Extracted records:
--------

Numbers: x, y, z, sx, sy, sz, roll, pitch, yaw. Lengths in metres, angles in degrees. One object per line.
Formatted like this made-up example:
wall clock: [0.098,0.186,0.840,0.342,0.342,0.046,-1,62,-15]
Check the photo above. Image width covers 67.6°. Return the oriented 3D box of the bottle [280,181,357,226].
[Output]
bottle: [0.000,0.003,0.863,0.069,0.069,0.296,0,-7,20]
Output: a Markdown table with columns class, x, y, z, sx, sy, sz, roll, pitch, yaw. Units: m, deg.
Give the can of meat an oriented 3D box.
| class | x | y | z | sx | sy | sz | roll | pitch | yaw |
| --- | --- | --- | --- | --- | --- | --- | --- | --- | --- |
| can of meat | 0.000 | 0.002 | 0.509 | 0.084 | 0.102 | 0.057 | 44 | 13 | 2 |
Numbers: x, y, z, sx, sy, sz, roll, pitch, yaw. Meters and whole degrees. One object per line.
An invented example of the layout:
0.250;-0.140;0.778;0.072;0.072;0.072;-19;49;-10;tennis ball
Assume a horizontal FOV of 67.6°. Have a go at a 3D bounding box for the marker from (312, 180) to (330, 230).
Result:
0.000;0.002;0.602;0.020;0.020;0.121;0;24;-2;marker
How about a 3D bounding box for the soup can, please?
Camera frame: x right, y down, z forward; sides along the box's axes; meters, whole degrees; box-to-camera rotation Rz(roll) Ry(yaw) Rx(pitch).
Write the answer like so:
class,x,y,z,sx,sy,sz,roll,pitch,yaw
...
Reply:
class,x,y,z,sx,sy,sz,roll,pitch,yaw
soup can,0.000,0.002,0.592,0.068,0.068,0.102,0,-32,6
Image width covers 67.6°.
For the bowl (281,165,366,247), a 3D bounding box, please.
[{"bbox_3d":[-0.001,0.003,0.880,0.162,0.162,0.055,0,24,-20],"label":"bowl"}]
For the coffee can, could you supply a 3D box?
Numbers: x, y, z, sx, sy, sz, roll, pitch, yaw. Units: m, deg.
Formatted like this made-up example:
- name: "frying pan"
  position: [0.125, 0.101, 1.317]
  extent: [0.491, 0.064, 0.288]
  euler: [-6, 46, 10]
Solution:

--------

WHAT IS REQUIRED: Restate the entries above word for word.

RESULT OF THIS TASK:
Numbers: x, y, z, sx, sy, sz, roll, pitch, yaw. Lengths in metres, angles in degrees. One object per line.
Formatted like this made-up example:
wall clock: [0.098,0.186,0.840,0.342,0.342,0.046,-1,62,-15]
Check the photo above. Image width covers 67.6°. Return the oriented 3D box of the bottle [280,181,357,226].
[Output]
bottle: [0.000,0.003,0.863,0.069,0.069,0.296,0,-7,20]
Output: a Markdown table with columns class, x, y, z, sx, sy, sz, roll, pitch, yaw. Units: m, deg.
Give the can of meat an oriented 3D box.
| class | x | y | z | sx | sy | sz | roll | pitch | yaw |
| --- | --- | --- | --- | --- | --- | --- | --- | --- | --- |
| can of meat | 0.000 | 0.002 | 0.509 | 0.084 | 0.102 | 0.057 | 44 | 13 | 2 |
Numbers: x, y, z, sx, sy, sz, roll, pitch, yaw. Meters and whole degrees. One object per line.
An invented example of the layout:
0.250;-0.140;0.778;0.072;0.072;0.072;-19;49;-10;tennis ball
Assume a horizontal FOV of 67.6°. Have a go at a 3D bounding box for the marker from (312, 180) to (330, 230).
Result:
0.000;0.002;0.602;0.020;0.020;0.121;0;24;-2;marker
How about a 3D bounding box for the soup can, please?
Camera frame: x right, y down, z forward; sides along the box's axes; meters, whole degrees; box-to-camera rotation Rz(roll) Ry(yaw) Rx(pitch).
Write the answer like so:
class,x,y,z,sx,sy,sz,roll,pitch,yaw
...
Reply:
class,x,y,z,sx,sy,sz,roll,pitch,yaw
soup can,0.000,0.002,0.592,0.068,0.068,0.102,0,-32,6
Image width covers 67.6°.
For the bowl (281,165,366,247), a 3D bounding box, please.
[{"bbox_3d":[-0.001,0.003,0.880,0.162,0.162,0.055,0,24,-20],"label":"bowl"}]
For the coffee can, could you supply a 3D box?
Numbers: x, y, z, sx, sy, sz, roll, pitch, yaw. Units: m, deg.
Formatted like this made-up example:
- name: "frying pan"
  position: [0.125, 0.101, 1.317]
  extent: [0.491, 0.064, 0.288]
  euler: [-6, 46, 10]
Solution:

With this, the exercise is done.